(Items listed in a dataset)

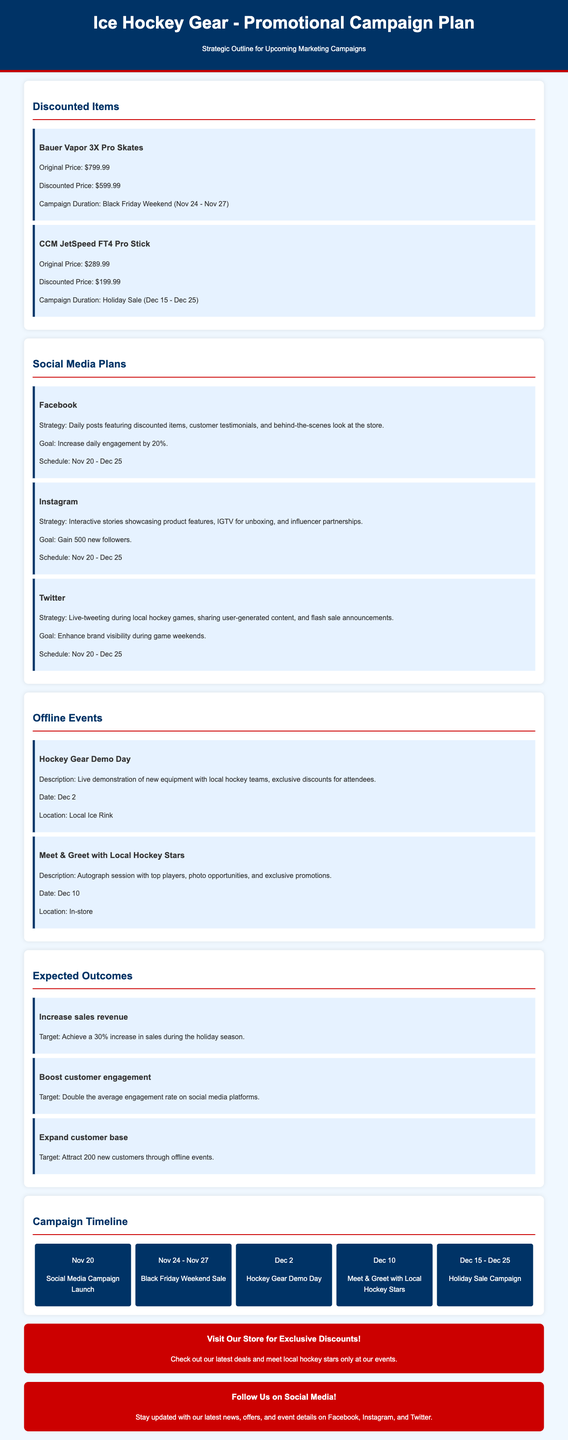What is the original price of Bauer Vapor 3X Pro Skates? The original price of Bauer Vapor 3X Pro Skates is listed in the document as $799.99.
Answer: $799.99 What is the discounted price of CCM JetSpeed FT4 Pro Stick? The discounted price for the CCM JetSpeed FT4 Pro Stick is specifically stated in the document as $199.99.
Answer: $199.99 When does the Holiday Sale campaign start? The document lists the beginning date of the Holiday Sale campaign as December 15.
Answer: December 15 What is the goal for the Instagram campaign? The document indicates that the goal for the Instagram campaign is to gain 500 new followers.
Answer: 500 new followers Where is the Hockey Gear Demo Day taking place? The document specifies that the location for the Hockey Gear Demo Day is the Local Ice Rink.
Answer: Local Ice Rink How much increase in sales revenue is targeted during the holiday season? The target increase in sales revenue during the holiday season is a 30% increase as stated in the document.
Answer: 30% What date is the Meet & Greet with Local Hockey Stars scheduled for? The document lists the date for the Meet & Greet with Local Hockey Stars as December 10.
Answer: December 10 What is the main strategy for Facebook in the campaign? According to the document, the main strategy for Facebook includes daily posts featuring discounted items.
Answer: Daily posts featuring discounted items What is the main purpose of the call-to-action in the document? The purpose of the call-to-action is to encourage visits to the store for exclusive discounts.
Answer: Encourage visits to the store for exclusive discounts 
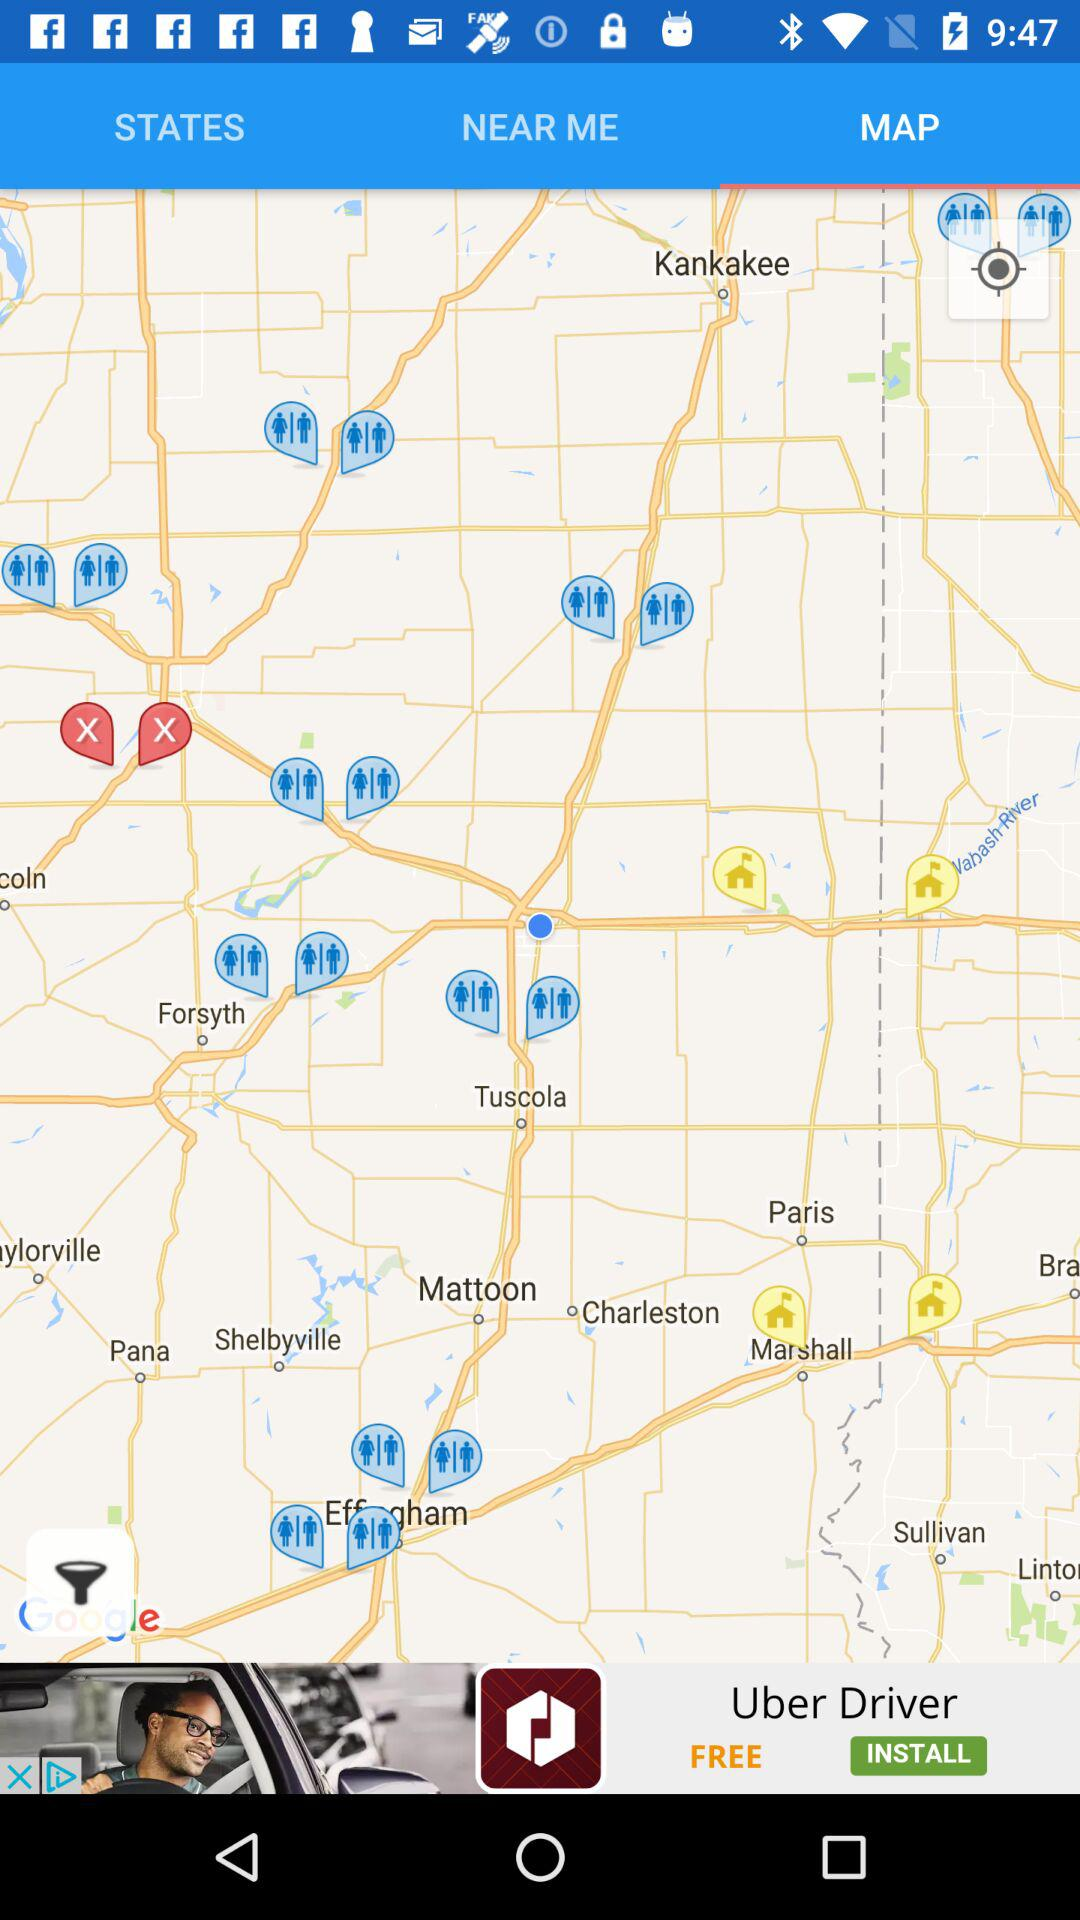Which tab is selected right now? The selected tab is "MAP". 
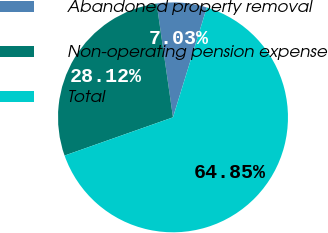Convert chart to OTSL. <chart><loc_0><loc_0><loc_500><loc_500><pie_chart><fcel>Abandoned property removal<fcel>Non-operating pension expense<fcel>Total<nl><fcel>7.03%<fcel>28.12%<fcel>64.84%<nl></chart> 
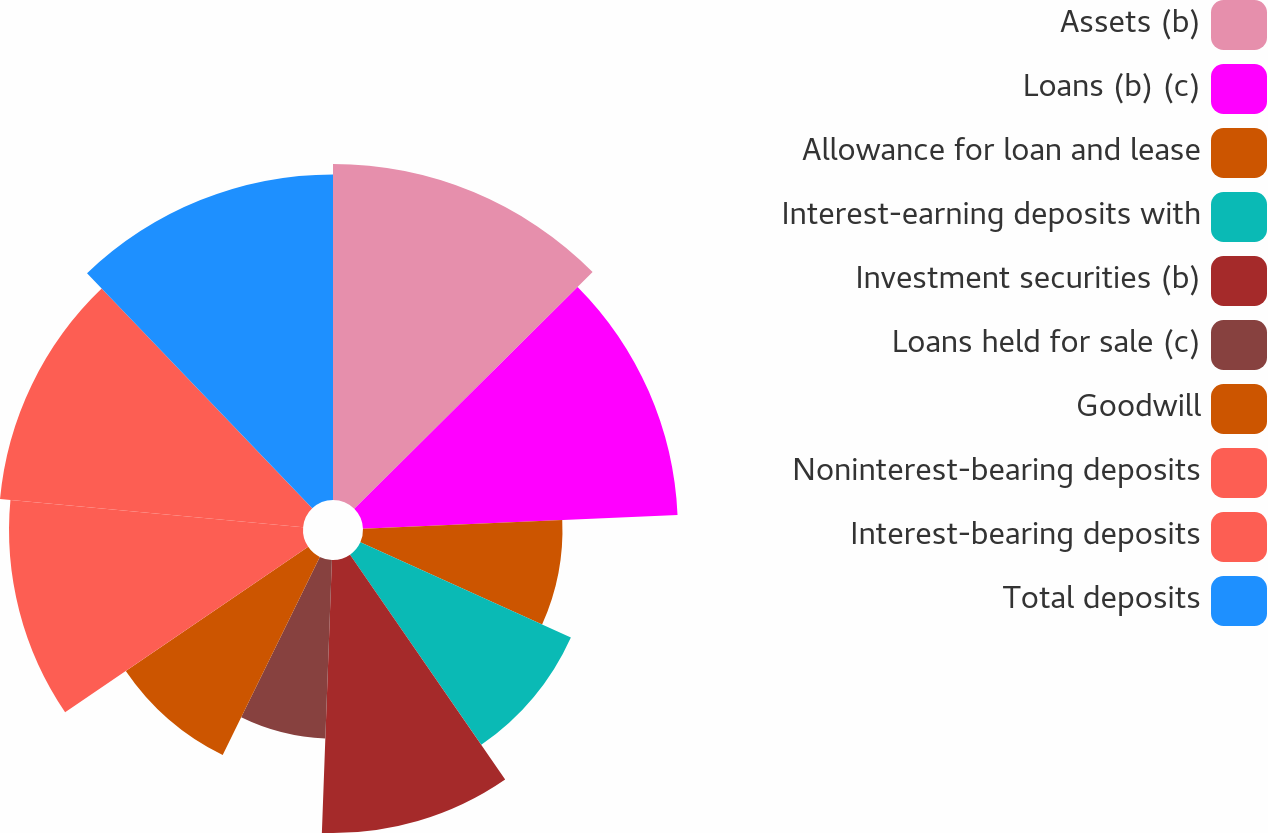Convert chart to OTSL. <chart><loc_0><loc_0><loc_500><loc_500><pie_chart><fcel>Assets (b)<fcel>Loans (b) (c)<fcel>Allowance for loan and lease<fcel>Interest-earning deposits with<fcel>Investment securities (b)<fcel>Loans held for sale (c)<fcel>Goodwill<fcel>Noninterest-bearing deposits<fcel>Interest-bearing deposits<fcel>Total deposits<nl><fcel>12.55%<fcel>11.76%<fcel>7.45%<fcel>8.63%<fcel>10.2%<fcel>6.67%<fcel>8.24%<fcel>10.98%<fcel>11.37%<fcel>12.16%<nl></chart> 
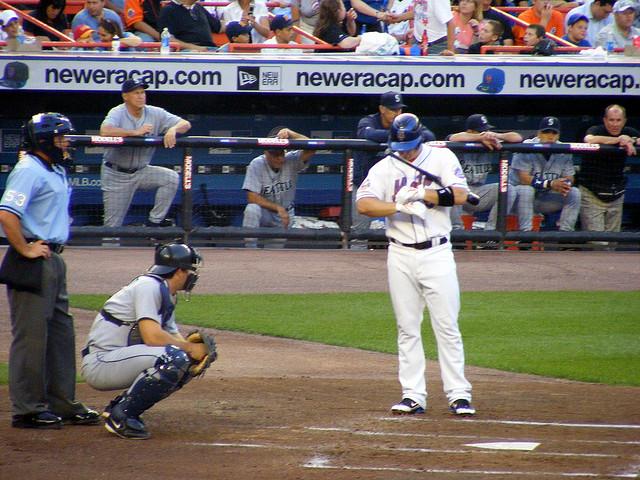What is batter doing?
Quick response, please. Adjusting glove. What sport is this?
Give a very brief answer. Baseball. What team is the batter on?
Concise answer only. Mets. 
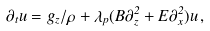Convert formula to latex. <formula><loc_0><loc_0><loc_500><loc_500>\partial _ { t } u = g _ { z } / \rho + \lambda _ { p } ( B \partial _ { z } ^ { 2 } + E \partial _ { x } ^ { 2 } ) u \, ,</formula> 
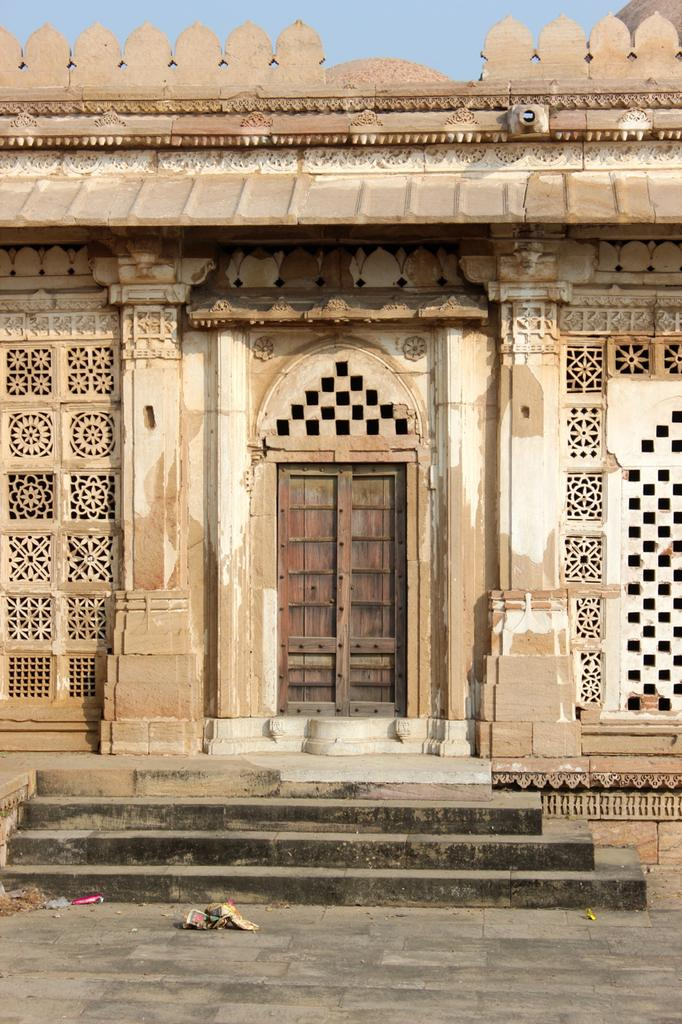What type of structure is present in the image? There is a building in the image. Can you describe a specific feature of the building? There is a door in the middle of the building. What is visible at the top of the image? The sky is visible at the top of the image. What architectural element can be seen at the bottom of the image? There are stairs at the bottom of the image. What type of haircut does the uncle have in the image? There is no uncle or haircut present in the image. Can you tell me what animals are visible at the zoo in the image? There is no zoo present in the image.

### Task statement
Retype each entry exactly as it appears, excluding any image.

### Answer section
What is the original price of Bauer Vapor 3X Pro Skates? The original price of Bauer Vapor 3X Pro Skates is listed in the document as $799.99.
Answer: $799.99 What is the discounted price of CCM JetSpeed FT4 Pro Stick? The discounted price for the CCM JetSpeed FT4 Pro Stick is specifically stated in the document as $199.99.
Answer: $199.99 When does the Holiday Sale campaign start? The document lists the beginning date of the Holiday Sale campaign as December 15.
Answer: December 15 What is the goal for the Instagram campaign? The document indicates that the goal for the Instagram campaign is to gain 500 new followers.
Answer: 500 new followers Where is the Hockey Gear Demo Day taking place? The document specifies that the location for the Hockey Gear Demo Day is the Local Ice Rink.
Answer: Local Ice Rink How much increase in sales revenue is targeted during the holiday season? The target increase in sales revenue during the holiday season is a 30% increase as stated in the document.
Answer: 30% What date is the Meet & Greet with Local Hockey Stars scheduled for? The document lists the date for the Meet & Greet with Local Hockey Stars as December 10.
Answer: December 10 What is the main strategy for Facebook in the campaign? According to the document, the main strategy for Facebook includes daily posts featuring discounted items.
Answer: Daily posts featuring discounted items What is the main purpose of the call-to-action in the document? The purpose of the call-to-action is to encourage visits to the store for exclusive discounts.
Answer: Encourage visits to the store for exclusive discounts 
Which tab is selected right now? The selected tab is "MAP". 
Convert chart to OTSL. <chart><loc_0><loc_0><loc_500><loc_500><pie_chart><fcel>Abandoned property removal<fcel>Non-operating pension expense<fcel>Total<nl><fcel>7.03%<fcel>28.12%<fcel>64.84%<nl></chart> 
Convert chart to OTSL. <chart><loc_0><loc_0><loc_500><loc_500><pie_chart><fcel>Assets (b)<fcel>Loans (b) (c)<fcel>Allowance for loan and lease<fcel>Interest-earning deposits with<fcel>Investment securities (b)<fcel>Loans held for sale (c)<fcel>Goodwill<fcel>Noninterest-bearing deposits<fcel>Interest-bearing deposits<fcel>Total deposits<nl><fcel>12.55%<fcel>11.76%<fcel>7.45%<fcel>8.63%<fcel>10.2%<fcel>6.67%<fcel>8.24%<fcel>10.98%<fcel>11.37%<fcel>12.16%<nl></chart> 
What is batter doing?
Quick response, please. Adjusting glove. What sport is this?
Give a very brief answer. Baseball. What team is the batter on?
Concise answer only. Mets. 
Convert formula to latex. <formula><loc_0><loc_0><loc_500><loc_500>\partial _ { t } u = g _ { z } / \rho + \lambda _ { p } ( B \partial _ { z } ^ { 2 } + E \partial _ { x } ^ { 2 } ) u \, ,</formula> 
What type of structure is present in the image? There is a building in the image. Can you describe a specific feature of the building? There is a door in the middle of the building. What is visible at the top of the image? The sky is visible at the top of the image. What architectural element can be seen at the bottom of the image? There are stairs at the bottom of the image. What type of haircut does the uncle have in the image? There is no uncle or haircut present in the image. Can you tell me what animals are visible at the zoo in the image? There is no zoo present in the image.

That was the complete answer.